SOURCE RECORDS:

____

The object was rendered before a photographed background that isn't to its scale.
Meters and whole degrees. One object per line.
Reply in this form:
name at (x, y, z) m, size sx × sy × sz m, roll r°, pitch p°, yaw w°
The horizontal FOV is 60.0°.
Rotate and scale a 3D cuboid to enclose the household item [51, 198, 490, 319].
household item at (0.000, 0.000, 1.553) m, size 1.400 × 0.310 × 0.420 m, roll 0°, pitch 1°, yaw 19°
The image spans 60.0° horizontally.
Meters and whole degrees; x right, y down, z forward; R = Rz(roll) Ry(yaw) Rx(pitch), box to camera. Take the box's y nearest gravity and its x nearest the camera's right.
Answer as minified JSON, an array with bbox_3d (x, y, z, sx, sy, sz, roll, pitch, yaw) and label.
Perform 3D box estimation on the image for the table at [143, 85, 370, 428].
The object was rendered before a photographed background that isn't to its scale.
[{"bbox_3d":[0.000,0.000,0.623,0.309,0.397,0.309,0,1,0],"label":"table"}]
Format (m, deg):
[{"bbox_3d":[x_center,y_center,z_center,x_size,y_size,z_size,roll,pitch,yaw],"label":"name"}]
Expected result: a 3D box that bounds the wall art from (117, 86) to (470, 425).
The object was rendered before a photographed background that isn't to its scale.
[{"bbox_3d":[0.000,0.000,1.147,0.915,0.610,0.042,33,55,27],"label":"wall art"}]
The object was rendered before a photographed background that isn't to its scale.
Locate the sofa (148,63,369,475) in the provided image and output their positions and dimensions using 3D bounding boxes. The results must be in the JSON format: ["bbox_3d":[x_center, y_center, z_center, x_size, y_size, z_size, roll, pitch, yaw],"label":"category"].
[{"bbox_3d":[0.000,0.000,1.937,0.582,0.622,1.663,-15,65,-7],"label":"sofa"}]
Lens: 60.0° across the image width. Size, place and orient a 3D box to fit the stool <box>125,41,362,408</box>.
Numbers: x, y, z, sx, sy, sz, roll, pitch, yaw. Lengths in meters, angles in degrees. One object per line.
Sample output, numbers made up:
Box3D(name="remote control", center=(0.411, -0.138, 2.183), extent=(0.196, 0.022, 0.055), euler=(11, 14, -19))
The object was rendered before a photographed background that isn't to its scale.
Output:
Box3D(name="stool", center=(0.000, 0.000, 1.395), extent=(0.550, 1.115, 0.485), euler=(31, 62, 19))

____

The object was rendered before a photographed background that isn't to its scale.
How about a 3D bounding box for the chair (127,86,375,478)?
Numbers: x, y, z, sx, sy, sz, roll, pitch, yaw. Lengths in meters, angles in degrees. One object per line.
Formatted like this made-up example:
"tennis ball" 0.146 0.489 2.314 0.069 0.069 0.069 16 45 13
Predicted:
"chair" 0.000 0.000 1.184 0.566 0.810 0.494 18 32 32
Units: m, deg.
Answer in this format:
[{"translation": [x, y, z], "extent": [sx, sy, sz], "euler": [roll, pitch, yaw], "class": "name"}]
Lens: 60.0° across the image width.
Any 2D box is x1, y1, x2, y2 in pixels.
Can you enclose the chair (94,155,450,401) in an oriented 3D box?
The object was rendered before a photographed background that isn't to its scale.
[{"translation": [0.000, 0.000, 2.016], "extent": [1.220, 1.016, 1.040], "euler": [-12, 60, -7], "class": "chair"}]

____

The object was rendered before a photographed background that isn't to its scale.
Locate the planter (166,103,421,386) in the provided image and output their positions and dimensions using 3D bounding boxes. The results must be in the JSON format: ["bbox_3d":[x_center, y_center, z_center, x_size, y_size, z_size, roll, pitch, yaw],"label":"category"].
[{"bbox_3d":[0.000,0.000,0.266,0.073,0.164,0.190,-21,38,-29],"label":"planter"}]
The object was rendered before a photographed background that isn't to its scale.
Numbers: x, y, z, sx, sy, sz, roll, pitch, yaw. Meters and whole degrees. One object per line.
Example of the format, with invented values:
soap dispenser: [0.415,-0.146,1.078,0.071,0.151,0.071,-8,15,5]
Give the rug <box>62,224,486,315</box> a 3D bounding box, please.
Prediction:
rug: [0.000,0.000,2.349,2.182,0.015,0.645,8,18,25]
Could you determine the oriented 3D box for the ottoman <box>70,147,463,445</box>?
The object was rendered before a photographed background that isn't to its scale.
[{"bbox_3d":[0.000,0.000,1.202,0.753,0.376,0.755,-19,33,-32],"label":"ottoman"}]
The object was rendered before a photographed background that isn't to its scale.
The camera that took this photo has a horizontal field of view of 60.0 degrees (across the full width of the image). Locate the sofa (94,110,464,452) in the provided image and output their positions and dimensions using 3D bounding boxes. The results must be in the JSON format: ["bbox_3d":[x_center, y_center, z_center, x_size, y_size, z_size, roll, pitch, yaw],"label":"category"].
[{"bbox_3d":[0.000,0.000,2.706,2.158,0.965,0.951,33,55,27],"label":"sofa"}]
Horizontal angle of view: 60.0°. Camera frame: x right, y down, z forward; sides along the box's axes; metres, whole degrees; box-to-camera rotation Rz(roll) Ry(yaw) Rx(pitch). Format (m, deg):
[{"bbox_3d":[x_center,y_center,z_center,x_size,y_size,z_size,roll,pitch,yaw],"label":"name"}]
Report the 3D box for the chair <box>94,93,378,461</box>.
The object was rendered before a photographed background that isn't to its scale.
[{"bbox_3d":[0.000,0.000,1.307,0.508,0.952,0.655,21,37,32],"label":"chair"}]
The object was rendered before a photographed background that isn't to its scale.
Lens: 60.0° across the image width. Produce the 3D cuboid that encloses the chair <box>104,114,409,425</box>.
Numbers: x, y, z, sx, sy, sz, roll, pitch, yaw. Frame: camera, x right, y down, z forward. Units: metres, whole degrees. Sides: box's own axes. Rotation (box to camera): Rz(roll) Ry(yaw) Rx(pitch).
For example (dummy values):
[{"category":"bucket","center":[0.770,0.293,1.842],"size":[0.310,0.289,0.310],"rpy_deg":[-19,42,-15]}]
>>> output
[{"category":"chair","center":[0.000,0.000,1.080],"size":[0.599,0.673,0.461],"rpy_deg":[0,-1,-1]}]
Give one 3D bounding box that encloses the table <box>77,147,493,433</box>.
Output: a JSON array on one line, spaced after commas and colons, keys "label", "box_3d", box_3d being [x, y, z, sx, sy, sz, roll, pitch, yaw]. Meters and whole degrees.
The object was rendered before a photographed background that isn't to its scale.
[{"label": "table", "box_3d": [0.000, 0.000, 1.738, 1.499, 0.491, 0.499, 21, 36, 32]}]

____

YOUR OBJECTIVE: Gather from the entries above all lines that include the string "Answer".

WRITTEN RESPONSE:
Answer as minified JSON, an array with bbox_3d (x, y, z, sx, sy, sz, roll, pitch, yaw) and label.
Answer in this format:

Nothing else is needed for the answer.